"Only too glad, and I'll tell the court-martial the whole story," answered Hector, going.

"Come back."

"Ah!"

"I said, 'consider yourself dismissed.' Don't come near me again, d'ye hear?"

"Where am I to go?"

"I'll arrange that, go." Hector went, leaving Bradford white and shaken, as he saw in his mind's eye his late A.D.C. hurrying from Mess to Mess, and stripping, as he went, all his new-born reputation from him. Like most mental visions, it was altogether baseless, for, whatever other faults Hector possessed, pettiness was not among the number, and despite his threat to reveal all at the court-martial, he would, nevertheless, had such taken place, kept scornfully silent on the subject.
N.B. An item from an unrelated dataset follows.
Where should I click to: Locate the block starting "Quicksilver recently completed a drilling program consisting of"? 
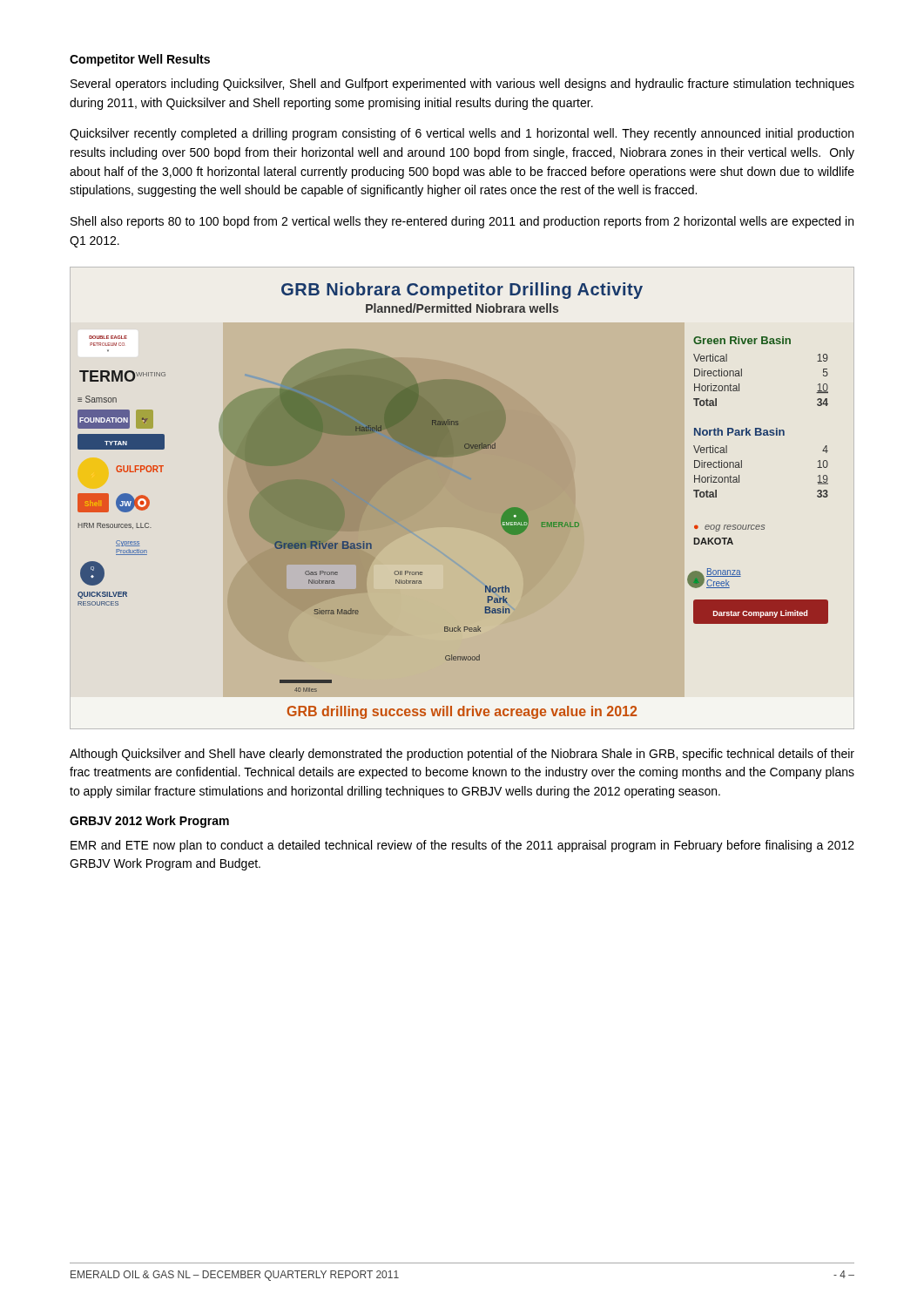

Bradford, however, had little or no understanding of human nature or character, and consequently sat where he was for hours, fearing to go out lest he should read in men's faces the knowledge of his own undoing. At last, wearily rising, he moved across to the writing-table, and, sitting down, proceeded to indite a letter to Headquarters, in which he stated that, for purely personal reasons, he was desirous of changing his A.D.C., and asked that his present one might be transferred to a post elsewhere.
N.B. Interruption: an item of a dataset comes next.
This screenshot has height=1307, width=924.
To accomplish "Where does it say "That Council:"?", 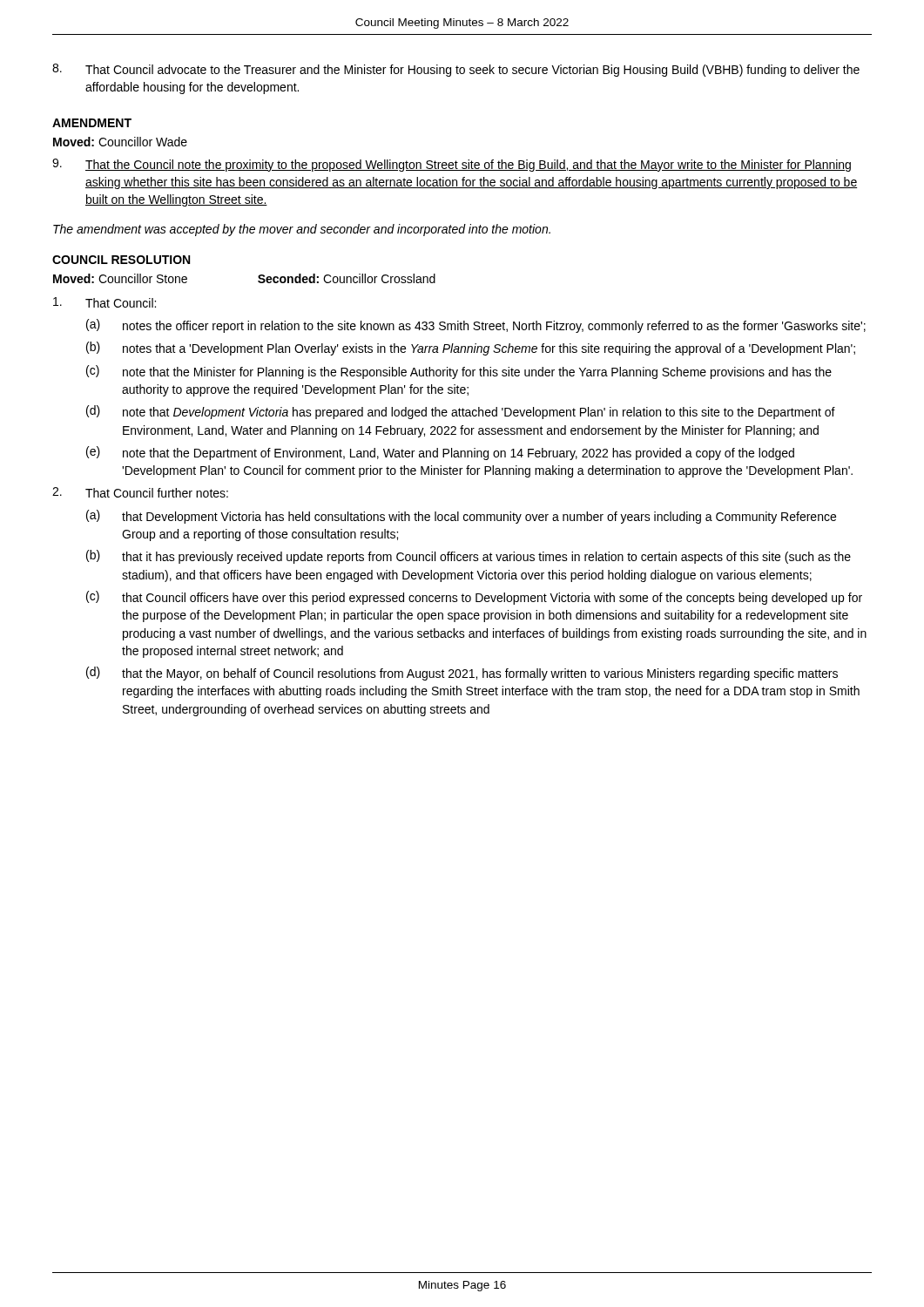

He suggested the Transport, an unpleasant smile on his face as he wrote, and having finished the letter sealed it, and summoned the orderly, whose face he watched narrowly as he handed him the document. With sinking heart, he noted a cloud on the man's face, the consequence, it may be observed, of a misunderstanding with Martha, the Mayor's parlour-maid.

The result of the letter was Hector's appointment as transport officer to a small column working in the Transvaal, and to that place he departed, after a short leave-taking with his late Chief, who wished him good luck in his new venture, and regretted that the arrival of a nephew from England necessitated Hector's removal. He also regretted any differences they might have had, and—and he hoped that—that ...

"I am not a gossip," answered Graeme coldly, "though you were good enough to accuse me of it once, nor am I small," and, ignoring the outstretched hand, he turned his back on his well-wisher.